Investment Managers are also able to do Ethical Screening or make thematic moves in a portfolio such as Ethical, Social and Governance (ESG) investing. In Scottish law, there is no definition of social/ethical investment or ESG, but the regulator does make it clear that you should consider whether this should be part of the investment process, both for financial and reputational reasons.

Some traps, such as greenwashing – where investments are labelled as ethical or ESG but may not be as green as they appear – is more common than you may think. Without the specialist knowledge to interrogate this, charities may unwittingly invest in funds which do not meet their stated position. This can lead to reputational problems, such as those faced by Church of England, who indirectly investing in payday lender Wonga after the Archbishop of Canterbury had criticised the lender.

Involving a Financial Planner can also bring in a number of benefits to charities and also to its trustees. Fundamentally, as a planner, we are involved in the creation of investment policy statements and the investment strategy, working in tandem with an investment manager and trustees. A planner will also be involved in the stress testing and forecasting of any plan to check its long-term viability.

There are also other benefits to involving Financial Planners. There is a shortage of leaders in Scotland third sector, and they are both working harder and taking on more responsibility as a result of reduced funding. This has led to a dependency on a small population, making them harder to replace.

Good financial planning is focused on getting the best outcome for the individual by understanding their lifestyle and what is important to them. Typically, people become involved third sector leadership because of deeply held beliefs, and by working hand in hand with trustees or executives, a planner can then address lifestyle issues that can help keep key staff members happy and engaged with the charity. In practice, this can take the form of managing step-downs into semi-retirement or reducing hours, providing comfort on when and how a person retires, and as previously mentioned managing gifts to charities to provide funding to those causes that a person holds dearest. This then allows discussion with the organisation on how to manage succession planning and creates a more stable environment with which to operate.


In Scotland, there are a number of excellent resources available from the regulators.
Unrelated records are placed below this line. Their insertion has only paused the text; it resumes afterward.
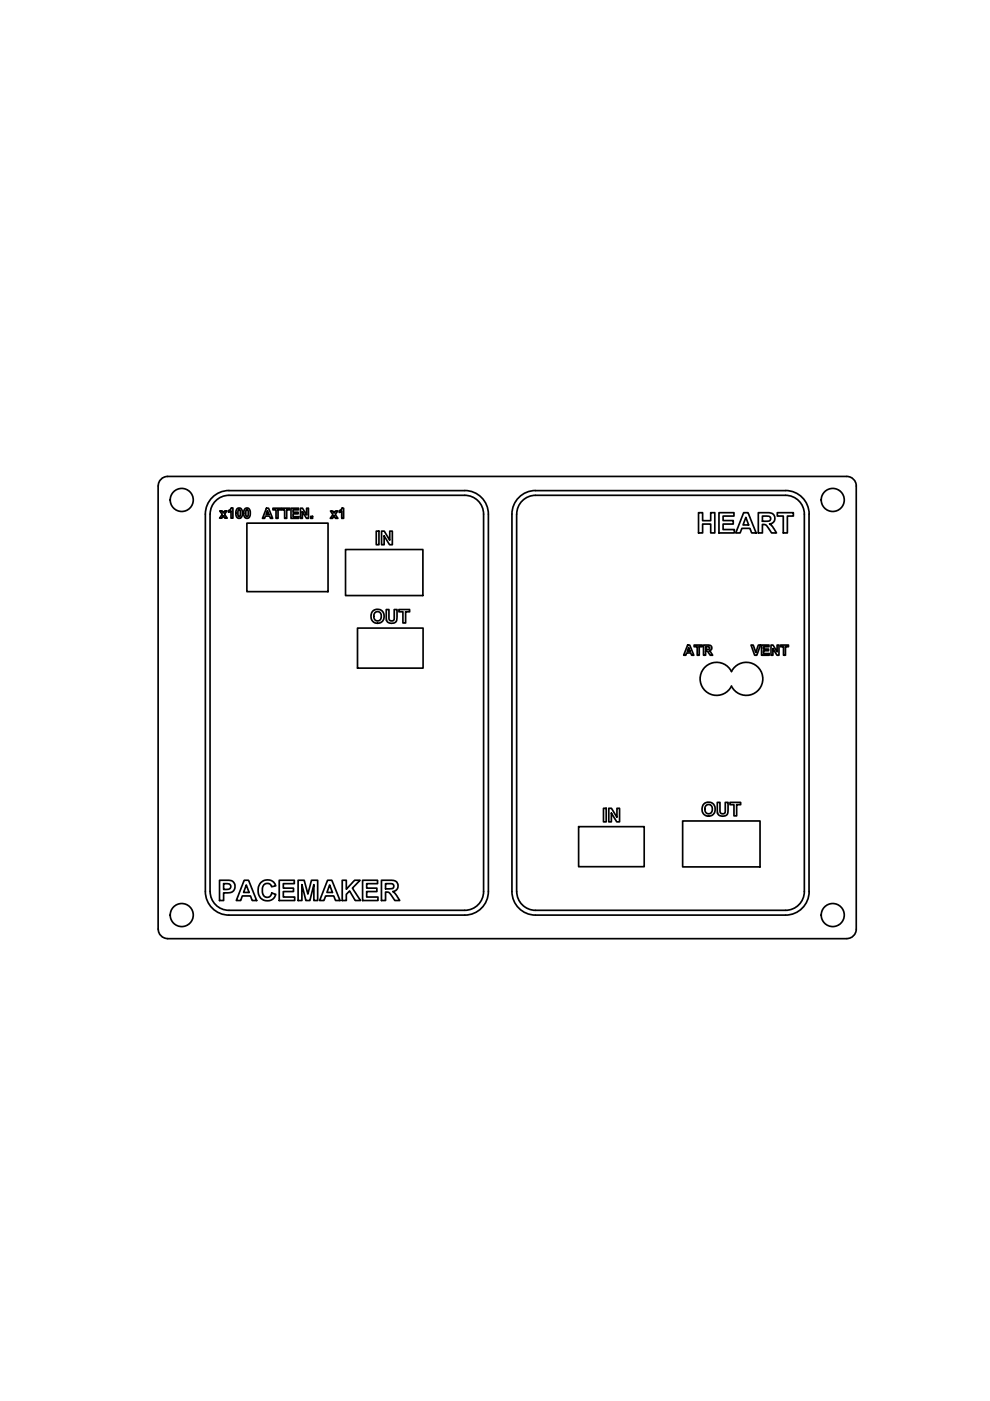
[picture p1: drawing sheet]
<svg xmlns="http://www.w3.org/2000/svg" width="210mm" height="297mm" viewBox="0 0 210 297" stroke-linecap="round" stroke-linejoin="round" font-family="sans-serif">
<!-- layer: Visible -->
<g fill="none" stroke="#000" stroke-width=".36">
<path d="M33.5 103v94M35.5 101h144a2 2 0 0 1 2 2M35.5 101a2 2 0 0 0-2 2M43.5 109v80a5 5 0 0 0 5 5h50a5 5 0 0 0 5-5v-80M44.5 109v80M44.6 109a4 4 0 0 1 3.9-4h50a4 4 0 0 1 4 4M46.6 108.3h.5l.3 .4 .2-.4h.5l-.5 .7 .6 .9h-.5l-.3-.5-.4 .5h-.4l.5-.8zM48.5 108.3l.6-.6h.3v2.2h-.4v-1.6l-.5 .3zM50.2 107.9l.4-.2a.89 .89 0 0 1 .8 1.3l-.1 .4a.7 .7 0 0 1-.9 .5 .7 .7 0 0 1-.4-1zM50.5 108.1h.3l.2 .4-.1 .9-.2 .2-.3-.5zM51.9 107.9l.3-.2a.82 .82 0 0 1 .9 1.2l-.1 .5a.71 .71 0 0 1-.9 .5 .71 .71 0 0 1-.4-1zM52.2 108.1l.2-.1 .2 .2v.5a.61 .61 0 0 1-.2 .9l-.3-.3z"/>
<path d="M52.3 110.9h17.3v14.5h-17.3zM56.5 107.7h.4l.9 2.2h-.5l-.2-.5h-.8l-.2 .5h-.5zM56.7 108.3l.3 .8h-.6zM57.9 107.7h1.7v.4h-.7v1.8h-.4v-1.8h-.6zM59.7 107.7h1.7v.4h-.6v1.8h-.5v-1.8h-.6zM61.7 107.7h1.6v.4h-1.2v.5h1.1v.4h-1.1v.5h1.2v.4h-1.6zM63.7 107.7h.4l.9 1.5v-1.5h.4v2.2h-.4l-.9-1.4v1.4h-.4zM65.9 109.5h.4v.4h-.4zM70.1 108.3h.4l.3 .5 .3-.5h.5l-.5 .8 .5 .8h-.5l-.3-.5-.3 .5h-.5l.6-.8zM71.9 108.3l.6-.6h.4v2.2h-.4v-1.6l-.6 .4zM73.3 116.5h16.4v9.8h-16.4zM79.8 112.6h.5v2.9h-.5z"/>
<path d="M80.9 112.6h.6l1.1 1.9v-1.9h.6v2.9h-.6l-1.2-1.9v1.9h-.5zM102.5 109v80a4 4 0 0 1-4 4h-50a4 4 0 0 1-3.9-4M103.5 109a5 5 0 0 0-5-5h-50a5 5 0 0 0-5 5M108.5 109v80a5 5 0 0 0 5 5h53a5 5 0 0 0 5.1-5M109.5 109l.1 80a4 4 0 0 0 3.9 4h53a4 4 0 0 0 4-4v-80M109.6 109a4 4 0 0 1 3.9-4h53a4 4 0 0 1 4 4M148.1 108.7h.9v1.7h1.7v-1.7h.9v4.3h-.9v-1.9h-1.7v1.9h-.9zM152.4 108.7h3.2v.7h-2.3v1h2.2v.7h-2.2v1.2h2.4v.7h-3.3zM157.7 108.7h.9l1.7 4.3h-.9l-.4-1h-1.7l-.4 1h-.9zM158.1 109.7l.6 1.6h-1.2zM160.8 108.7h2.4a1.19 1.19 0 0 1 1.1 1.2 1.19 1.19 0 0 1-1.1 1.2l.6 .5 .8 1.4h-1l-.6-.9a1.17 1.17 0 0 0-1.4-.9v1.8h-.8zM161.6 109.4h.7a.74 .74 0 0 1 1.1 .5v.2a.78 .78 0 0 1-1.1 .4h-.7z"/>
<path d="M164.8 108.7h3.4v.7h-1.3v3.6h-.8v-3.6h-1.3zM171.5 109v80M171.6 109a5 5 0 0 0-5.1-5h-53a5 5 0 0 0-5 5M181.5 103v94M75.8 133.2h13.9v8.5h-13.9zM79.5 129.9l.4-.2a.95 .95 0 0 1 1 1.1 .95 .95 0 0 1-1.2 .8l-.4-.7v-.6zM81.9 129.2h.6v1.6a.61 .61 0 0 0 .5 .8 .61 .61 0 0 0 .6-.8v-1.6h.6v1.5a1.17 1.17 0 0 1-1.2 1.5 1.17 1.17 0 0 1-1.1-1.4zM84.6 129.2h2.2v.5h-.8v2.4h-.6v-2.4h-.8zM145.8 136.8h.4l.9 2.1h-.5l-.1-.5h-.9l-.2 .5h-.5zM146 137.3l.3 .8h-.6zM147.2 136.8h1.7v.3h-.6v1.8h-.5v-1.8h-.6zM149.2 136.8h.9a.63 .63 0 0 1 .8 .4 .63 .63 0 0 1-.5 .8l.7 .9h-.5l-.6-.8-.2-.1h-.2v.9h-.4z"/>
<path d="M149.6 137.1h.7l.2 .3a.35 .35 0 0 1-.2 .3 .35 .35 0 0 1-.4 0h-.3zM159.2 136.8h.5l.6 1.6 .5-1.6h.4l-.7 2.1h-.5zM161.5 136.8h1.5v.3h-1.1v.5h1.1v.4h-1.1v.6h1.2v.3h-1.6zM163.5 136.8h.4l.9 1.4v-1.4h.4v2.1h-.5l-.8-1.4v1.4h-.4zM165.5 136.8h1.7v.3h-.7v1.8h-.4v-1.8h-.6zM149.4 141.5a3.5 3.5 0 0 1 5.7 .9 3.5 3.5 0 0 1 5.3-1.2 3.5 3.5 0 0 1 0 5.5 3.5 3.5 0 0 1-5.3-1.2 3.5 3.5 0 0 1-5.2 1.3 3.5 3.5 0 0 1-.5-5.3zM122.7 175.3h13.9v8.5h-13.9zM128 171.4h.5v2.9h-.5zM129.1 171.4h.5l1.2 1.9v-1.9h.6v2.9h-.6l-1.2-1.9v1.9h-.5zM144.7 174.1h16.4v9.7h-16.4zM149.7 170.8l.4-.2a.95 .95 0 0 1 1 1 .95 .95 0 0 1-1.2 .9l-.3-.4-.2-.5zM152.1 170.1h.6v1.6a.61 .61 0 0 0 .5 .8 .61 .61 0 0 0 .6-.8v-1.6h.6v1.5a1.17 1.17 0 0 1-1.2 1.4 1.17 1.17 0 0 1-1.1-1.4z"/>
<path d="M154.8 170.1h2.2v.5h-.8v2.4h-.6v-2.4h-.8zM33.5 197a2 2 0 0 0 2 2M35.5 199h144M46.5 186.6h1.7a1.35 1.35 0 0 1 1.6 1 1.35 1.35 0 0 1-.9 1.6l-1.5 .1v1.6h-.9zM47.4 187.4h.4a.76 .76 0 0 1 1.1 .7 .79 .79 0 0 1-1 .5h-.5zM51.8 186.6h.9l1.7 4.3h-.9l-.4-.9h-1.7l-.4 .9h-.9zM52.2 187.6l.6 1.6h-1.2zM55.3 187.1l.8-.5a1.76 1.76 0 0 1 2.4 1.2l-.9 .2-.3-.5-.5-.2a1.17 1.17 0 0 0-1.2 1.6 1.03 1.03 0 0 0 .8 1.3 1.03 1.03 0 0 0 1.2-.9l.9 .3-.6 .9a2.04 2.04 0 0 1-2.4 .1 2.04 2.04 0 0 1-.7-2.4zM59.2 186.6h3.2v.8h-2.3v.9h2.1v.7h-2.1v1.2h2.4v.7h-3.3zM63.2 186.6h1.3l.8 3 .7-3h1.4v4.3h-.9v-3.4l-.8 3.4h-.8l-.9-3.4v3.4h-.8zM69.4 186.6h1l1.7 4.3h-1l-.3-.9h-1.8l-.3 .9h-.9zM69.9 187.6l.6 1.6h-1.2z"/>
<path d="M72.6 186.6h.8v1.9l1.8-1.9h1.1l-1.6 1.7 1.7 2.6h-1.1l-1.2-2-.7 .7v1.3h-.8zM76.9 186.6h3.2v.8h-2.4v.9h2.2v.7h-2.2v1.2h2.4v.7h-3.2zM80.9 186.6l2.4 .1a1.19 1.19 0 0 1 1.1 1.2 1.19 1.19 0 0 1-1.1 1.1l.4 .4 1.1 1.5h-1.1l-.6-.9a1.18 1.18 0 0 0-1.4-.9v1.8h-.8zM81.7 187.4h.7a.71 .71 0 0 1 1.1 .6l-.3 .4-1.5 .1zM181.5 197a2 2 0 0 1-2 2"/>
<circle cx="38.5" cy="106" r="2.44"/>
<circle cx="176.6" cy="106" r="2.44"/>
<circle cx="80" cy="130.7" r="1.46"/>
<circle cx="150.2" cy="171.6" r="1.45"/>
<circle cx="38.5" cy="194" r="2.44"/>
<circle cx="176.6" cy="194" r="2.44"/>
</g>
</svg>

  • Office of the Scottish Charities Regular (OSCR) provides excellent guides that cover all of these areas, including guides on trustee responsibilities and managing investments
  • Scottish Council for Voluntary Organisations (SCVO) provide both support material for running charities and through Funding Scotland can be a gateway to funding.
  • The Association of Chief Officers of Scottish Voluntary Organisations (ACOSVO) can be excellent sources of guidance for chief executives of charities, providing networking and support through the sharing of best practices in a confidential manner.

It’s also key that all the parties involved in the charity – Trustees, Solicitors, Accountants, Investment Managers and Financial Planners – have the relevant experience and support and are happy working with each other. Doing this allows the charity to then really focus on the important work that it does as the legal and regulatory work is well managed.